§ **WHAT TO PRODUCE**: A precise repetition of every line below is the required answer.

§ **EXTRACTED RECORDS**:
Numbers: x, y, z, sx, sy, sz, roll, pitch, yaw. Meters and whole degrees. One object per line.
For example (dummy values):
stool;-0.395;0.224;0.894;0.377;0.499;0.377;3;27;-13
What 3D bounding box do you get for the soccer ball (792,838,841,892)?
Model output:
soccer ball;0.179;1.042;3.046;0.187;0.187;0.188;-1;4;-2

§ **OUTPUT OF THE TASK**:
Numbers: x, y, z, sx, sy, sz, roll, pitch, yaw. Meters and whole degrees. One object per line.
For example (dummy values):
stool;-0.395;0.224;0.894;0.377;0.499;0.377;3;27;-13
What 3D bounding box do you get for the soccer ball (792,838,841,892)?
Model output:
soccer ball;0.179;1.042;3.046;0.187;0.187;0.188;-1;4;-2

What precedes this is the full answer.